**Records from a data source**
════════════════

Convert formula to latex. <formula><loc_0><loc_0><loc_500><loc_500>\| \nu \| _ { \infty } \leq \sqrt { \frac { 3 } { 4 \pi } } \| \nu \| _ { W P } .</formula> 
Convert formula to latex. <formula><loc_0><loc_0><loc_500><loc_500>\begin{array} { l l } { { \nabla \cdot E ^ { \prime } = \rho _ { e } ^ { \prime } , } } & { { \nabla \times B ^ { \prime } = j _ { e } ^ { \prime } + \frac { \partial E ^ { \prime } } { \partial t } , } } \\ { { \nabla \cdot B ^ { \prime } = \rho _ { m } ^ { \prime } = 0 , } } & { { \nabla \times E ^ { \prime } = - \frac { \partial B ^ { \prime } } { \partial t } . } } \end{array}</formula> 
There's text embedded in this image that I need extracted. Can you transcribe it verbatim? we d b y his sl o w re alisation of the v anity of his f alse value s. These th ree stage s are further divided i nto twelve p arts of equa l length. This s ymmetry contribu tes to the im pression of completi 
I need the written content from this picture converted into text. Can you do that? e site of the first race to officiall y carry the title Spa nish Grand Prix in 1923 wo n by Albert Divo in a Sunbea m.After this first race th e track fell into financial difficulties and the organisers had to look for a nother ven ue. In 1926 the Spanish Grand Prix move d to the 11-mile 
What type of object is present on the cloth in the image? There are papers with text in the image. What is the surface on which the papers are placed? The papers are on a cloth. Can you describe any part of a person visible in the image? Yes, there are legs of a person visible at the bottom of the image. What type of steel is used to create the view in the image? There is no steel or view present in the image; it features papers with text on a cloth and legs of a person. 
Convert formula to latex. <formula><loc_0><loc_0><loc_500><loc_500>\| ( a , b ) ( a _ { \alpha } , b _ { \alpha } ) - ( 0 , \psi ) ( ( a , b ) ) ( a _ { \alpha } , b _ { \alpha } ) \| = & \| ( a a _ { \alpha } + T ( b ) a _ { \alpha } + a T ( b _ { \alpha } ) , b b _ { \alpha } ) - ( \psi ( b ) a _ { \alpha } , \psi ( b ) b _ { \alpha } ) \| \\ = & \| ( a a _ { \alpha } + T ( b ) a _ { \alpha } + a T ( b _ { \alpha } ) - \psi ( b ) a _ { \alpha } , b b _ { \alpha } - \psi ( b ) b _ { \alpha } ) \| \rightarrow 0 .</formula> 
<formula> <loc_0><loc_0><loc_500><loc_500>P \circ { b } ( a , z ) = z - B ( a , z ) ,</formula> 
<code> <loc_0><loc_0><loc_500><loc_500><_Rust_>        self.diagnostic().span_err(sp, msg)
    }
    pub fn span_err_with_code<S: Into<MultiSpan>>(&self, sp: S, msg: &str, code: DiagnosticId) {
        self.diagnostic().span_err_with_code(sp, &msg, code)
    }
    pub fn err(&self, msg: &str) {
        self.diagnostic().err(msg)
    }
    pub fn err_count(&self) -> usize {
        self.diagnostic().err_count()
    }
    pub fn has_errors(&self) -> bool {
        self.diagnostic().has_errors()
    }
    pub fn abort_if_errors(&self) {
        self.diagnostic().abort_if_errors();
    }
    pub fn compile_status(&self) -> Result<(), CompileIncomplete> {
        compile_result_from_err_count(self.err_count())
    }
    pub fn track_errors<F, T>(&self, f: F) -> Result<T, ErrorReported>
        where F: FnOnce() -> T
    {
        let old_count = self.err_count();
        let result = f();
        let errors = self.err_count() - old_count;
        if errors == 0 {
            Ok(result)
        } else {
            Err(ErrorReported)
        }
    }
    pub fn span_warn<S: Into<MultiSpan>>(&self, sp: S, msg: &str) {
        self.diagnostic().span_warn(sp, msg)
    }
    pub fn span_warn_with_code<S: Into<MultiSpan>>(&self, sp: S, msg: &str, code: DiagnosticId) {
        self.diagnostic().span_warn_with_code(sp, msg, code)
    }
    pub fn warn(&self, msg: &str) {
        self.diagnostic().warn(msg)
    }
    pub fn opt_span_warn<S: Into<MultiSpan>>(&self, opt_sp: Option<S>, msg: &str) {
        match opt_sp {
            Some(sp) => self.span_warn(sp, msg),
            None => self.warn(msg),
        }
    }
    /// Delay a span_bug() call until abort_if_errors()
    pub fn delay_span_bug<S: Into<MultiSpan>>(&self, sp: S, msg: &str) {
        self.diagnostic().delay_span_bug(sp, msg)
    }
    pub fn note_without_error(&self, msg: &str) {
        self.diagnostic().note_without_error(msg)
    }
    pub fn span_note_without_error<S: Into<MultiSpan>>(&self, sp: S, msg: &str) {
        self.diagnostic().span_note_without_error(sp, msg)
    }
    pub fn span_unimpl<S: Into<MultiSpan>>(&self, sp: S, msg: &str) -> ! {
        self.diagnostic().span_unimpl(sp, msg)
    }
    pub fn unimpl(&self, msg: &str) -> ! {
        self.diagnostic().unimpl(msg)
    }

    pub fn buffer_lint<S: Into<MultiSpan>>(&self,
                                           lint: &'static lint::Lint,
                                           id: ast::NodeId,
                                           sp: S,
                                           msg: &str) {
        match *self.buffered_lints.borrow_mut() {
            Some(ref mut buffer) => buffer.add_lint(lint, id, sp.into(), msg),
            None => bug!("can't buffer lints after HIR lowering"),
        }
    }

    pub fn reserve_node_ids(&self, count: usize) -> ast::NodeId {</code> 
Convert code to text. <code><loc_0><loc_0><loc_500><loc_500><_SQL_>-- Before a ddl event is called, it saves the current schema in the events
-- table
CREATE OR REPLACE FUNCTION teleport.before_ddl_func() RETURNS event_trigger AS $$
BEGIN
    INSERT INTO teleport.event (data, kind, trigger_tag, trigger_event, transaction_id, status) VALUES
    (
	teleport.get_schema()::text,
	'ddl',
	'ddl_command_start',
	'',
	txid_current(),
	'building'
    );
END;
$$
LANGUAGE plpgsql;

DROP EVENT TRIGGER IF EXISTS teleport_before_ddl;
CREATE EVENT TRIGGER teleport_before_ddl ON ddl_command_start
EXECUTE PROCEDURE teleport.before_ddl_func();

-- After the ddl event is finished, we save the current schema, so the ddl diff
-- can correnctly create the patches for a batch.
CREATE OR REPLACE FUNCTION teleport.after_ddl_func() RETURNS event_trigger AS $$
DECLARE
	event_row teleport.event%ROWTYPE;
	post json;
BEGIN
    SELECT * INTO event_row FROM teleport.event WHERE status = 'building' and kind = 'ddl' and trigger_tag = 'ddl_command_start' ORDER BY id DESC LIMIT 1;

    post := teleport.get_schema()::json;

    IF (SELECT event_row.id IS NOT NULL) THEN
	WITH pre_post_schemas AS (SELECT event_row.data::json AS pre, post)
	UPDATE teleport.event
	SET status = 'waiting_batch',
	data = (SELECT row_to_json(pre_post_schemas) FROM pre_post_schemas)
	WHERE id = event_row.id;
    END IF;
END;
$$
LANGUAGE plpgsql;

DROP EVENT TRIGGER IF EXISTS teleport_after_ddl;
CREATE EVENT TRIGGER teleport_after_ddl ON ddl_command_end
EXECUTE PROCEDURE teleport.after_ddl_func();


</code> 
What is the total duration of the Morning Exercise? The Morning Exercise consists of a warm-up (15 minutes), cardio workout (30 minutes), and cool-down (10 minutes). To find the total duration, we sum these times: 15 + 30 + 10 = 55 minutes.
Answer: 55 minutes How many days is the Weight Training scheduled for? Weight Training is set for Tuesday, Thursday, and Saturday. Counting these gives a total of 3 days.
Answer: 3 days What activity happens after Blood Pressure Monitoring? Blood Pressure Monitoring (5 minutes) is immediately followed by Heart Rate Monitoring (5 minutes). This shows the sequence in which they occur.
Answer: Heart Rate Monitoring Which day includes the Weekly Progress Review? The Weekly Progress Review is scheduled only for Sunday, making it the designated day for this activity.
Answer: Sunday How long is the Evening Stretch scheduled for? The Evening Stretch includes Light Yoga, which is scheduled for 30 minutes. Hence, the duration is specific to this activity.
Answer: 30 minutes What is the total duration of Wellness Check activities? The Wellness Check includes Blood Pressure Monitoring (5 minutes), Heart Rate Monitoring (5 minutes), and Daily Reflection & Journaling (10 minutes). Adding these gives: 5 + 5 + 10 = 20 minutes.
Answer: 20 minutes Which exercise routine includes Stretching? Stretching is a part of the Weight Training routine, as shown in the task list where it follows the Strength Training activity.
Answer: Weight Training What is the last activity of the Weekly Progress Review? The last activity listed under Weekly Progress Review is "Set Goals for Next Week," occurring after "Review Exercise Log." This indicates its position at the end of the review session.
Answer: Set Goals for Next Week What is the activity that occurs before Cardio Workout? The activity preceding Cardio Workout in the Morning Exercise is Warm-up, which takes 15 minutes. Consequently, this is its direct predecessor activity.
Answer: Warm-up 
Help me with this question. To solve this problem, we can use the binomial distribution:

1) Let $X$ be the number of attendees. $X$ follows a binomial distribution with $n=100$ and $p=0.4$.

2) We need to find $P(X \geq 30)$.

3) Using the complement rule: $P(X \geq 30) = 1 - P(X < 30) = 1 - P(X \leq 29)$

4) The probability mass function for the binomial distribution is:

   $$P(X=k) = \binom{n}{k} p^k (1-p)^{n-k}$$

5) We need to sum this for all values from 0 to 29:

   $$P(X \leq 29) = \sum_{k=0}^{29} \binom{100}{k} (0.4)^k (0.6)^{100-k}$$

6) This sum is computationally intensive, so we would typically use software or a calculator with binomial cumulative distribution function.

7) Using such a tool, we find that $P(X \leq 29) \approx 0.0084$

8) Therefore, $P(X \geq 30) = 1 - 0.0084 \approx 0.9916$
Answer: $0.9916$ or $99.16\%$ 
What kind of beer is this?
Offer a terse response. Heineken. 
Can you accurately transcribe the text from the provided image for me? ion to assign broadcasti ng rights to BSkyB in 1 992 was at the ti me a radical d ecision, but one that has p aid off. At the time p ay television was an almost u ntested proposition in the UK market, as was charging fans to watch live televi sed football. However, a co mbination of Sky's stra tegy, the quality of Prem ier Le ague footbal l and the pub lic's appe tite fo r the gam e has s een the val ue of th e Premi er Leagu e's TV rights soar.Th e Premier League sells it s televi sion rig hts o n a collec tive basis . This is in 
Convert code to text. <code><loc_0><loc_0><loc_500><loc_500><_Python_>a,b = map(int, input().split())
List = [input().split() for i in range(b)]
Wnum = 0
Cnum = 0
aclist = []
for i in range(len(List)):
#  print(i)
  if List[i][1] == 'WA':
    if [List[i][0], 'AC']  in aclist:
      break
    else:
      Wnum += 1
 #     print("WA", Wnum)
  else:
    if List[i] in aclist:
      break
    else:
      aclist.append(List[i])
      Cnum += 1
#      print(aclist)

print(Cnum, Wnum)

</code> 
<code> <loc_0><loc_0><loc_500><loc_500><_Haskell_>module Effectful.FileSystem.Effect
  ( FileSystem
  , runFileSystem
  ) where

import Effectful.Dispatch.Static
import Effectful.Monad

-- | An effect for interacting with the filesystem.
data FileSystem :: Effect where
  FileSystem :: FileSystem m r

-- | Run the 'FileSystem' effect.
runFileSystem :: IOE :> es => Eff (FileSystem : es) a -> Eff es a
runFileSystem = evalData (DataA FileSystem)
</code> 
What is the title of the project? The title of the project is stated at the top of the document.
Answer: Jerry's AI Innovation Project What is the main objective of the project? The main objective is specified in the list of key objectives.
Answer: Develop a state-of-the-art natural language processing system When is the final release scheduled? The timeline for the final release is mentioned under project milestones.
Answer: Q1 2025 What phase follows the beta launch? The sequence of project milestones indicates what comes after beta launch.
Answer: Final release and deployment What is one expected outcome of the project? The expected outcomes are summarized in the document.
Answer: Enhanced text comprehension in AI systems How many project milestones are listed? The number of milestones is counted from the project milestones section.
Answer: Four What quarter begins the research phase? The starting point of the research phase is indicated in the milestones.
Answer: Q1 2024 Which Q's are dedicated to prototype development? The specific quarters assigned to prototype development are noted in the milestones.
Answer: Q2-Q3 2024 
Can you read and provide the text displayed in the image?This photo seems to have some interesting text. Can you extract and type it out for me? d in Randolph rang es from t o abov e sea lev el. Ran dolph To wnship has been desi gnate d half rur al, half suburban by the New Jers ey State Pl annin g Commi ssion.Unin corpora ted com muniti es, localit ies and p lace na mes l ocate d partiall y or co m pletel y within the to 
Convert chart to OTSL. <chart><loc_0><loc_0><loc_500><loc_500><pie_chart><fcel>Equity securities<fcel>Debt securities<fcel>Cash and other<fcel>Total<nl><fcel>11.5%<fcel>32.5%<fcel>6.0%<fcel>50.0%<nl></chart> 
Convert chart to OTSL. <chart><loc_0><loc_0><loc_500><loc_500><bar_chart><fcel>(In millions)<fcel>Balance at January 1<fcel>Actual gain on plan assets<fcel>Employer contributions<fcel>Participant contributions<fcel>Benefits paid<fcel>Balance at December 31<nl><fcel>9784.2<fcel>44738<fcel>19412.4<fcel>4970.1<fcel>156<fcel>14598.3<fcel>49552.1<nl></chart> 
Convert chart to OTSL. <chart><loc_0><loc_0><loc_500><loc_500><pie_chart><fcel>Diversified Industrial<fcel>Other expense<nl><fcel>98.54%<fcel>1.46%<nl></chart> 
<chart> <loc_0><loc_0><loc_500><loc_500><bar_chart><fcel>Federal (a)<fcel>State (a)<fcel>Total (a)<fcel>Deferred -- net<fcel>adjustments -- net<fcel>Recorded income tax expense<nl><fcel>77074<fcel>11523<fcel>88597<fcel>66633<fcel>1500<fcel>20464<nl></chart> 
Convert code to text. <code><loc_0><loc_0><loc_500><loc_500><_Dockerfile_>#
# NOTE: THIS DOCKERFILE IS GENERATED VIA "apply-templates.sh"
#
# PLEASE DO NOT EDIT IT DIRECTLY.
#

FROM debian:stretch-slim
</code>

════════════════

**What to work on**
Could you reproduce exactly the lines of the entries above, from the one with "import Effectful.Dispatch.Static" through the one with "Answer: Develop a", and nothing else?

**Written solution**
import Effectful.Dispatch.Static
import Effectful.Monad

-- | An effect for interacting with the filesystem.
data FileSystem :: Effect where
  FileSystem :: FileSystem m r

-- | Run the 'FileSystem' effect.
runFileSystem :: IOE :> es => Eff (FileSystem : es) a -> Eff es a
runFileSystem = evalData (DataA FileSystem)
</code> 
What is the title of the project? The title of the project is stated at the top of the document.
Answer: Jerry's AI Innovation Project What is the main objective of the project? The main objective is specified in the list of key objectives.
Answer: Develop a state-of-the-art natural language processing system When is the final release scheduled? The timeline for the final release is mentioned under project milestones.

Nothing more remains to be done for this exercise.